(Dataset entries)
+++

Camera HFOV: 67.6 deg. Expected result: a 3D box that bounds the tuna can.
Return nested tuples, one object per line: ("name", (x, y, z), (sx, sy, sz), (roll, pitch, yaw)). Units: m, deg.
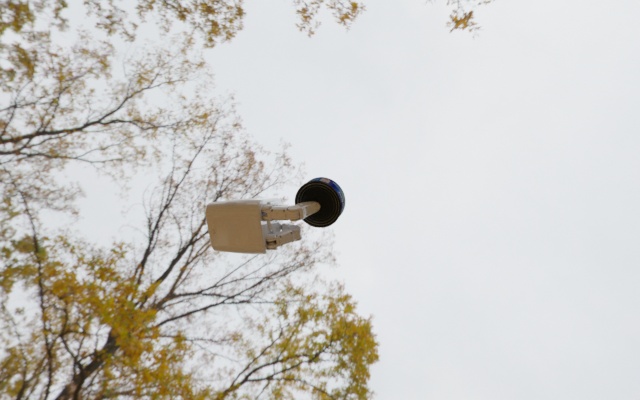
("tuna can", (0.000, 0.003, 0.839), (0.086, 0.086, 0.033), (0, 17, 19))
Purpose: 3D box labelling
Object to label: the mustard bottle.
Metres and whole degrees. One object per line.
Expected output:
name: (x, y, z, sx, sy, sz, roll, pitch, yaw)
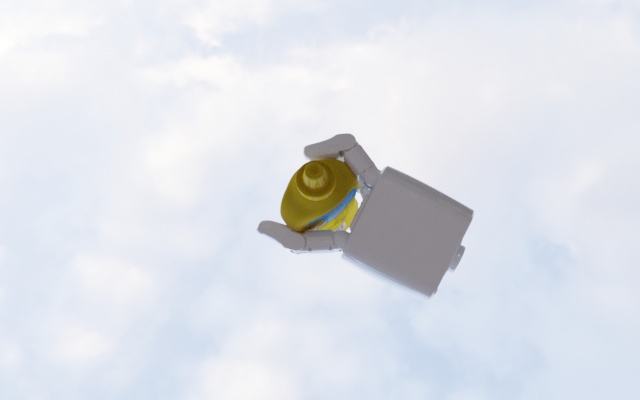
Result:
mustard bottle: (0.000, 0.002, 0.550, 0.096, 0.058, 0.192, -36, -17, -8)
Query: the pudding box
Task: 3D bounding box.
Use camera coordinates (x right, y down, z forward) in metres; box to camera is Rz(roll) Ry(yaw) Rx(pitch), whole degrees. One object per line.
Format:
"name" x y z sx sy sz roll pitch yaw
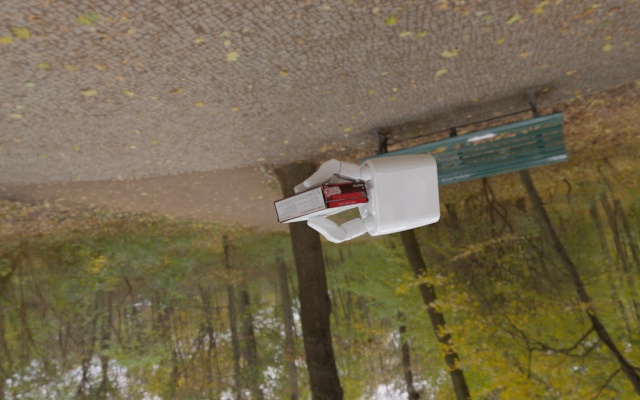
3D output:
"pudding box" 0.000 0.002 0.704 0.090 0.039 0.113 -6 -10 -44
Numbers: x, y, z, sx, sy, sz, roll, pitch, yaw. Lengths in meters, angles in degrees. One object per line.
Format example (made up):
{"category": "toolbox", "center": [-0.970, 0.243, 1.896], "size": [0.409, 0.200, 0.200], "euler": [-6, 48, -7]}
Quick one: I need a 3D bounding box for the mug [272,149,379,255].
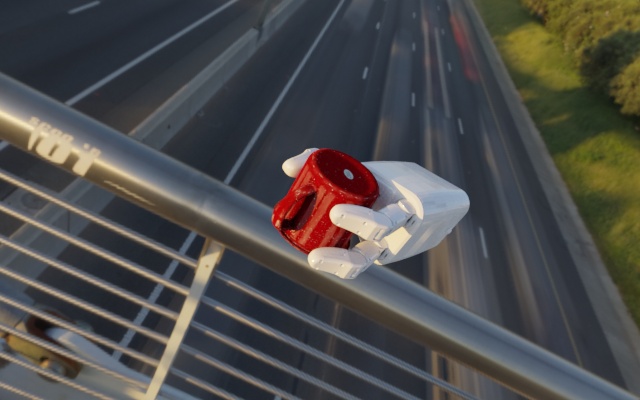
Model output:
{"category": "mug", "center": [-0.001, 0.002, 0.490], "size": [0.117, 0.081, 0.093], "euler": [-9, 50, -45]}

+++

## [WHAT THE TASK ASKS]
From the records above, write out exactly the lines that begin at the line with "Return nested tuples, one" and end at the line with "Object to label: the mustard bottle.". Pictures must not appear in the output.

## [OUTPUT BELOW]
Return nested tuples, one object per line: ("name", (x, y, z), (sx, sy, sz), (roll, pitch, yaw)). Units: m, deg.
("tuna can", (0.000, 0.003, 0.839), (0.086, 0.086, 0.033), (0, 17, 19))
Purpose: 3D box labelling
Object to label: the mustard bottle.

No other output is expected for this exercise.